Defines functions runFSC_step_agg3

Documented in runFSC_step_agg3

#' Run fastsimcoal 
#'
#' Takes a population history from the forward demographic simulation and parameterizes a coalescent simulation in fastsimcoal (Excoffier et al. 2013)
#'
#' @param ph A pophist object, output by the forward demographic simulation function: \code{getpophist2.cells}.  Includes slots: \code{pophist}, \code{Nvecs}, \code{tmat}, \code{struct}, \code{hab_suit}, \code{coalhist}, \code{popslst}, \code{old_hab_suit}, \code{old_tmat}, \code{gmap}.  Cells in typical landscapes (>400 cells) should be aggregated after the forward-time simulation using the functions \code{make.gmap} and \code{pophist.aggregate} to improve computational efficiency. 
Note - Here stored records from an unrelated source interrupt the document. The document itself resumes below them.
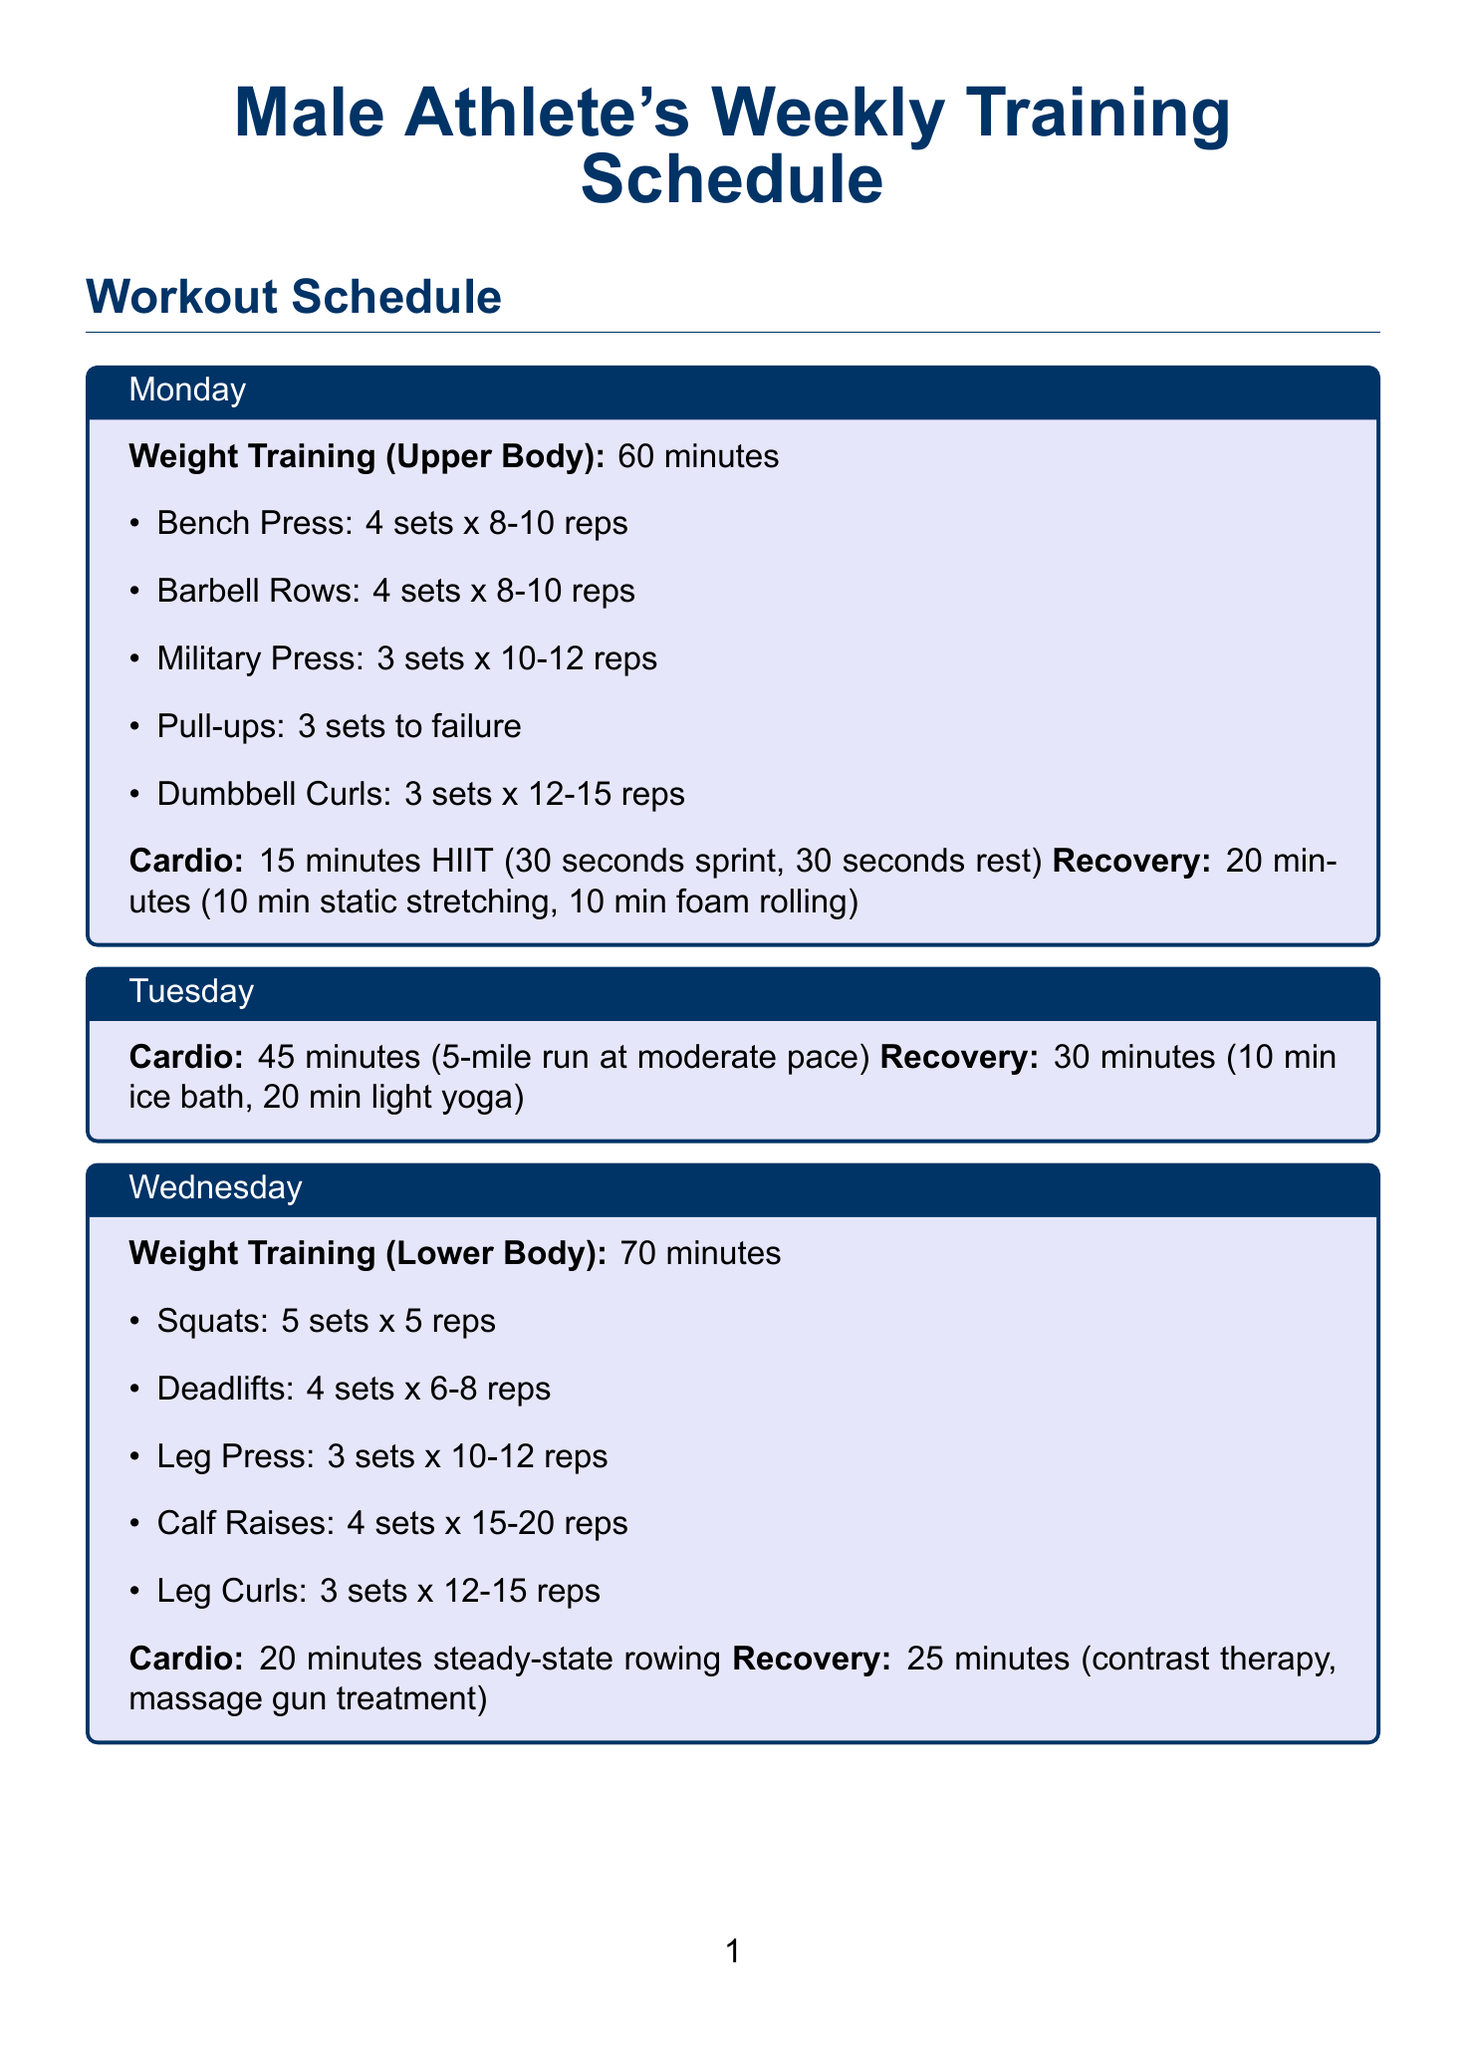What is the duration of the HIIT cardio session on Monday? The duration for the HIIT cardio session on Monday is stated in the activities list.
Answer: 15 minutes How many sets are prescribed for the Bench Press on Monday? The number of sets for the Bench Press is mentioned under the upper body weight training section.
Answer: 4 sets What type of cardio is scheduled for Tuesday? The type of cardio for Tuesday is specified in the activities for that day.
Answer: Distance Running How long is the outdoor training session on Saturday? The duration for the outdoor training session on Saturday is provided in the document.
Answer: 90 minutes What recovery activities are included on Friday? The recovery activities on Friday can be found in the recovery section, which lists different activities.
Answer: Sauna session and static stretching Describe one nutrition tip mentioned in the document. The nutrition tips are listed in the additional tips section.
Answer: High-protein meals What is the primary focus of the weight training on Wednesday? The focus of the weight training on Wednesday is clearly indicated in the activities for that day.
Answer: Lower Body How often should strength tests be conducted according to the performance tracking section? The frequency for conducting strength tests is provided in the performance tracking list.
Answer: Every 8-12 weeks

#' @param l An object that defines the simulation landscape from the forward demographic simulation, includes slots: \code{details}, \code{occupied}, \code{empty}, \code{sampled}, \code{hab_suit}, \code{sumrast}, \code{samplocsrast}, \code{samplocs}, \code{sampdf}, \code{NAmask}.
#' @param sample_n The number of sampled (diploid) individuals per population.  Assumed to be equal across all sampled populations.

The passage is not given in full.